Mobile Broadband Internet Access Service Is a Commercial Mobile Service, and Hence Must Be Regulated as a Common Carrier Service
Information & Communications Technologies Law, vol. 27 no. 3, 2018, pp. 304-366
Posted: 8 Sep 2018 Last revised: 5 Dec 2018
Date Written: August 27, 2018
The FCC’s recent Restoring Internet Freedom Order reclassified mobile broadband Internet access service from a commercial mobile radio service to a private mobile radio service. The result of this reclassification is to eliminate Title II common carrier regulation of mobile broadband Internet access service. In turn, elimination of common carrier regulation was used by the FCC to repeal most of the net neutrality protections on mobile broadband service.
The reclassification results in an incredible assertion: that the most important public mobile service of our time is classified under statute as a private mobile service. This paper asks: what led the expert agency to conclude that the public Internet is not part of the public switched network, and that mobile broadband Internet access service is a private mobile service?
The Order asserts that its reclassification is justified as a reinterpretation of relevant statute, and is bolstered by its reinterpretation of relevant precedent from Congress and the FCC. However, the Order is very limited in its consideration of precedent, and its discussion and understanding of the relevant technology is almost nonexistent.
In this paper, we first analyze the relevant precedent from Congress, the FCC, and the courts from the 1940s through 2017. We then analyze the reclassification of mobile broadband Internet access service in the Order.

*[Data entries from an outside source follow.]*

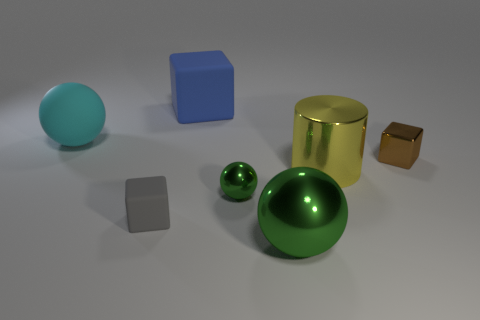Are there the same number of cubes in front of the big blue thing and blue objects left of the small matte block?
Provide a succinct answer. No. Does the tiny gray block have the same material as the tiny brown cube?
Keep it short and to the point. No. There is a big ball behind the tiny brown block; are there any blue things that are to the right of it?
Ensure brevity in your answer.  Yes. Are there any large blue objects that have the same shape as the brown object?
Give a very brief answer. Yes. Is the small shiny sphere the same color as the large metallic sphere?
Keep it short and to the point. Yes. There is a blue thing behind the cube in front of the small brown metallic cube; what is it made of?
Provide a short and direct response. Rubber. The blue thing is what size?
Offer a very short reply. Large. There is a block that is made of the same material as the big green ball; what size is it?
Give a very brief answer. Small. Do the rubber thing that is behind the cyan sphere and the big cylinder have the same size?
Your response must be concise. Yes. The tiny thing that is behind the yellow shiny thing that is behind the green shiny thing that is behind the large green ball is what shape?
Provide a succinct answer. Cube.

We find that the Restoring Internet Freedom Order’s lack of consideration of the relevant precedent and technology from the 1940s through the 1980s undermines its interpretation of the 1993 statute on which it relies. We further find that proper consideration of precedent and technology would lead to the opposite conclusion. In particular, we find that the Order’s reversion to the 1994 definitions of public switched network and interconnected service ignores the growth of the public switched network to include the Internet, and is thereby contrary to both statute and precedent. We also find that the Order’s conclusion that the public switched telephone network and the Internet are separate non-interconnected networks is factually wrong, on the basis of PSTN and Internet architecture. Critically, we find that the Order’s justification for reclassification ignores the fact that in order for meaningful communication to occur, the users’ devices and subscribed services must be compatible. This fact, which has formed the basis for many decades of statute and precedent, undermines the Order’s statutory interpretation.

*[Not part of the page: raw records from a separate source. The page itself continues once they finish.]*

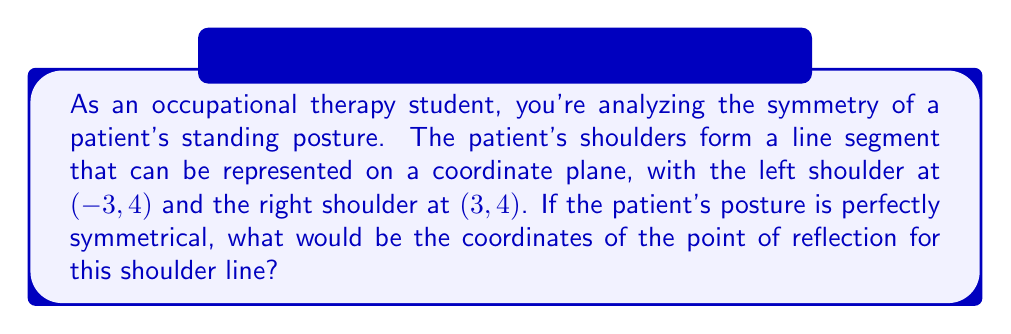Solve this math problem. Let's approach this step-by-step:

1) In a perfectly symmetrical posture, the point of reflection would be exactly in the middle of the line segment connecting the shoulders.

2) To find the midpoint of a line segment, we can use the midpoint formula:
   $$(x, y) = (\frac{x_1 + x_2}{2}, \frac{y_1 + y_2}{2})$$
   where $(x_1, y_1)$ and $(x_2, y_2)$ are the coordinates of the endpoints.

3) In this case:
   $(x_1, y_1) = (-3, 4)$ (left shoulder)
   $(x_2, y_2) = (3, 4)$ (right shoulder)

4) Let's calculate the x-coordinate of the midpoint:
   $$x = \frac{x_1 + x_2}{2} = \frac{-3 + 3}{2} = \frac{0}{2} = 0$$

5) Now, let's calculate the y-coordinate of the midpoint:
   $$y = \frac{y_1 + y_2}{2} = \frac{4 + 4}{2} = \frac{8}{2} = 4$$

6) Therefore, the point of reflection is at (0, 4).

This point represents the center of symmetry for the patient's shoulder line, and in a perfectly symmetrical posture, it would align with the center of the patient's body.
Answer: (0, 4)

Finally, we find that a proper interpretation of relevant statute and precedent leads to the opposite conclusion of the Order, and that mobile broadband Internet access service is a commercial mobile service. Consequently, we find that statute mandates that mobile broadband Internet access service be classified as a commercial mobile service and regulated as a common carrier service. This finding lays the foundation for reinstatement of net neutrality protections on mobile broadband service.